Commentary on the Dream (HRM)
When he was asked about the meaning of the man handing him a smock, the dreamer replied that he didn't paint. He said that the paintings are a metaphor for "all the writing I should have done and haven't done. The smock is probably the costume I should be wearing if I were going to get serious about some of the things I should do."
As often in dreams, the "house" here seems to represent the self, but the important point is that it is repeatedly described as a large house ("a mansion, as it's called"), with a series of large rooms. In other words, there is plenty of room in this house for new possibilities ("In my Father's house are many mansions"). The house is where an exhibition of paintings is taking place, and the paintings, drawings of animals, "seemed familiar."
There is profound sense in which the self-to-be, the "person I was meant to be," is already quite familiar to us, yet at the same time strange and unknown-- as in the name "Szcabo" in this dream ("a name that means absolutely nothing to me").
Then the scene shifts to another "large room." The dreamer is asked about what costume he should wear and is handed a painter's smock, which he rejects. A painter's smock, of course, is not at all the dress appropriate for a cocktail party, so it is reasonable that the dreamer would reject it. But his rejection takes an emphatic form: "No, that's not me."

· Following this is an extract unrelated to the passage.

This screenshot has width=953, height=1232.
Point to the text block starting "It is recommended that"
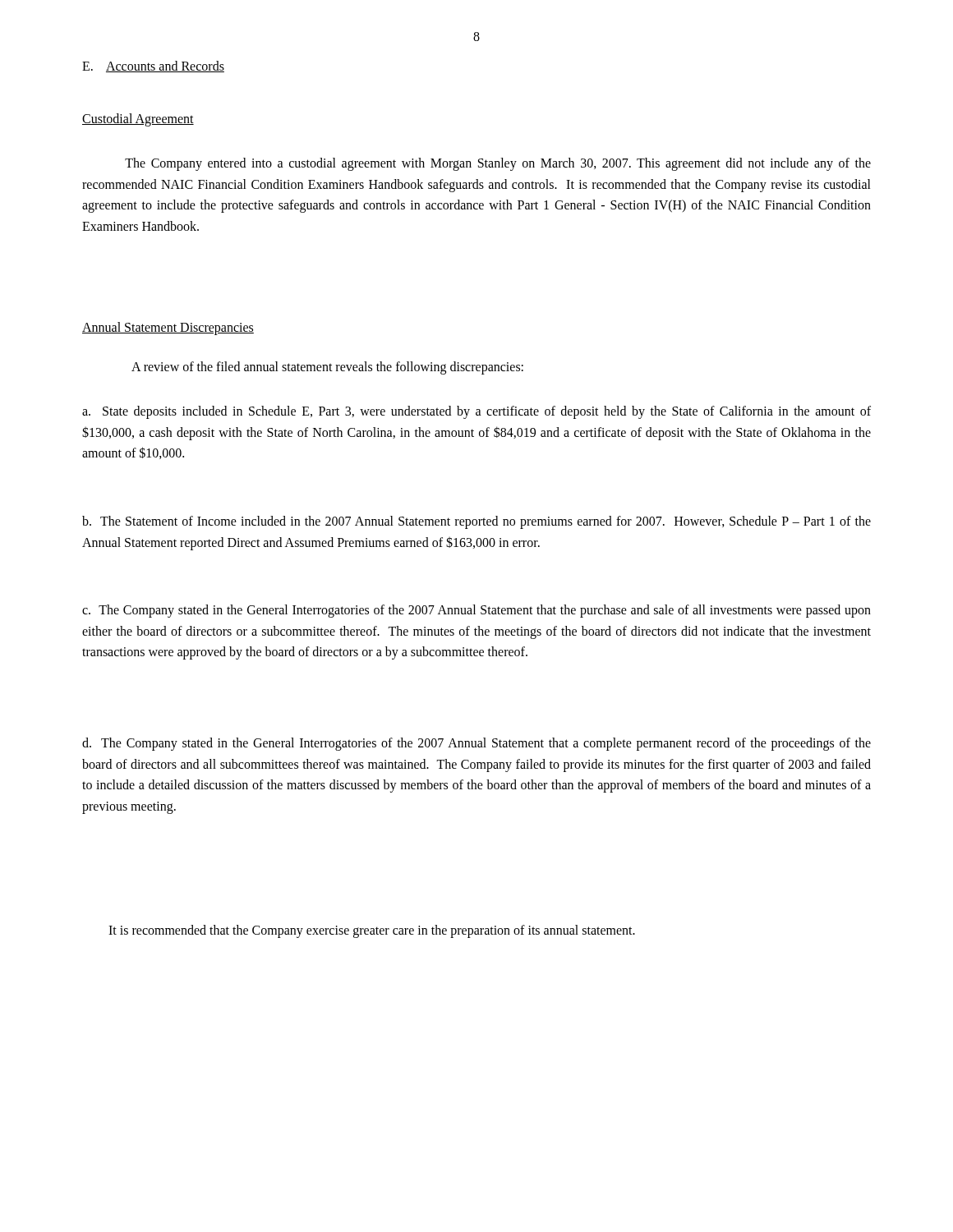359,930

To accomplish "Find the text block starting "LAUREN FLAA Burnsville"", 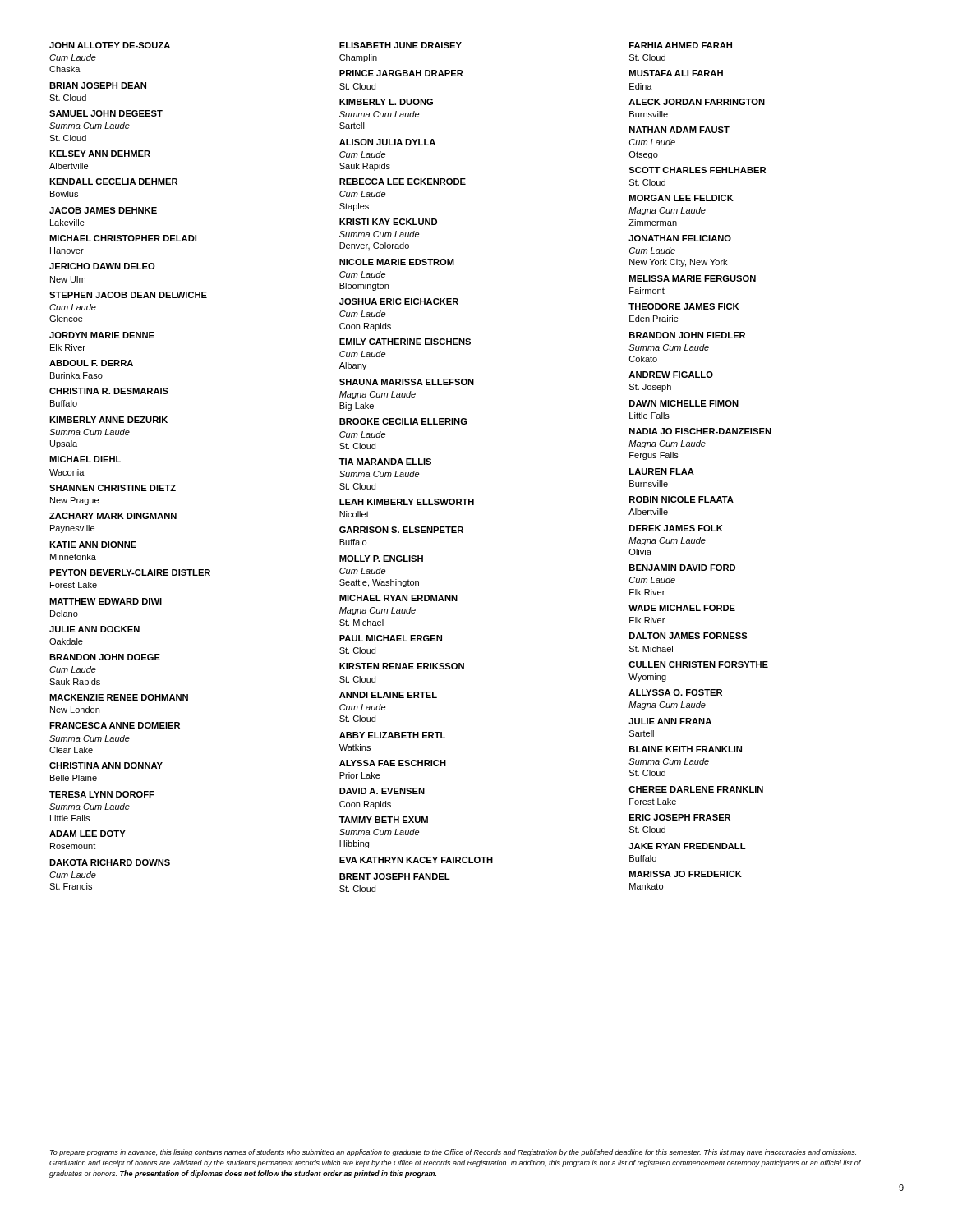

The dreamer's own interpretation is somewhat linear and literalistic, even moralistic. He has in mind that he should have been doing more writing and so the details of interpretation follow from that fixed point of view. But the dream itself is more ambiguous. The unknown painter ("Sczabo") creates images that are already familiar to the dreamer, like the images of the dream itself. But the smock, the costume of a painter, is something that the dreamer in the end resolutely rejects: "No, that's not me."

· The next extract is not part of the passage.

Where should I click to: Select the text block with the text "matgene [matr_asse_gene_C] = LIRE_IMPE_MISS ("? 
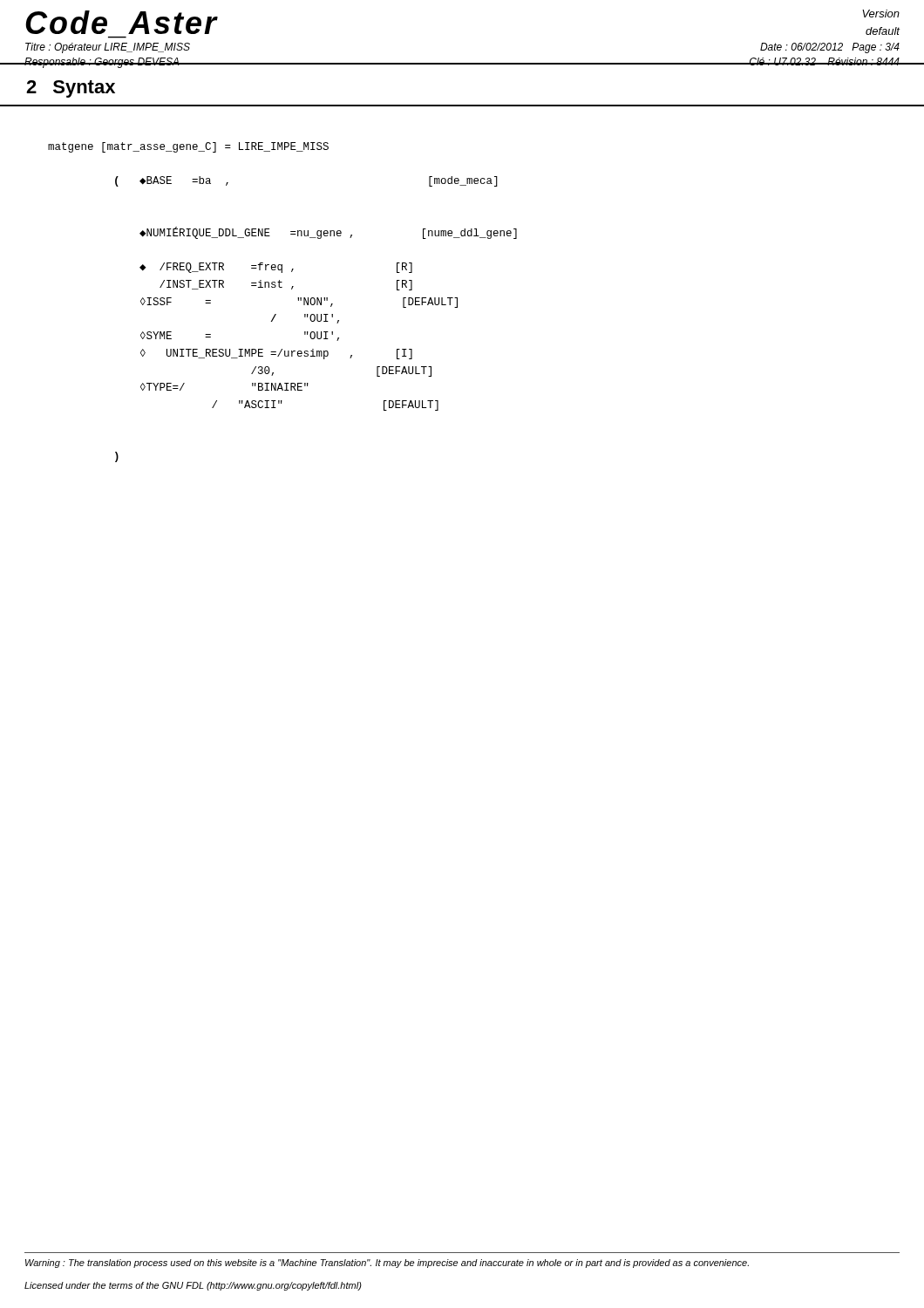pyautogui.click(x=188, y=147)

In Rembrandt's magnificent self-portraits, done virtually every year of his adult life, we see the painter dressed up in various costumes at different points in his career: the smock of a workaday painter, the elegant dress of gentleman, finally in the later self-portraits, the costume seems to recede in importance altogether as our attention becomes focused on the face and the eyes.
In the same way, the images of the dreamworld represent the production of an unknown creative force within us ("Szcabo") whose creations are nonetheless familiar. The costume we adopt is like the persona or mask we put on in order to meet the outer world: a necessary adaptation, but not necessarily the true self ("No, that's not me.") We cannot be sure whether the dreamer in this case is telling himself that he ought to be doing more writing, or perhaps just the opposite-- that writing, like painting, is just one more mask of the self.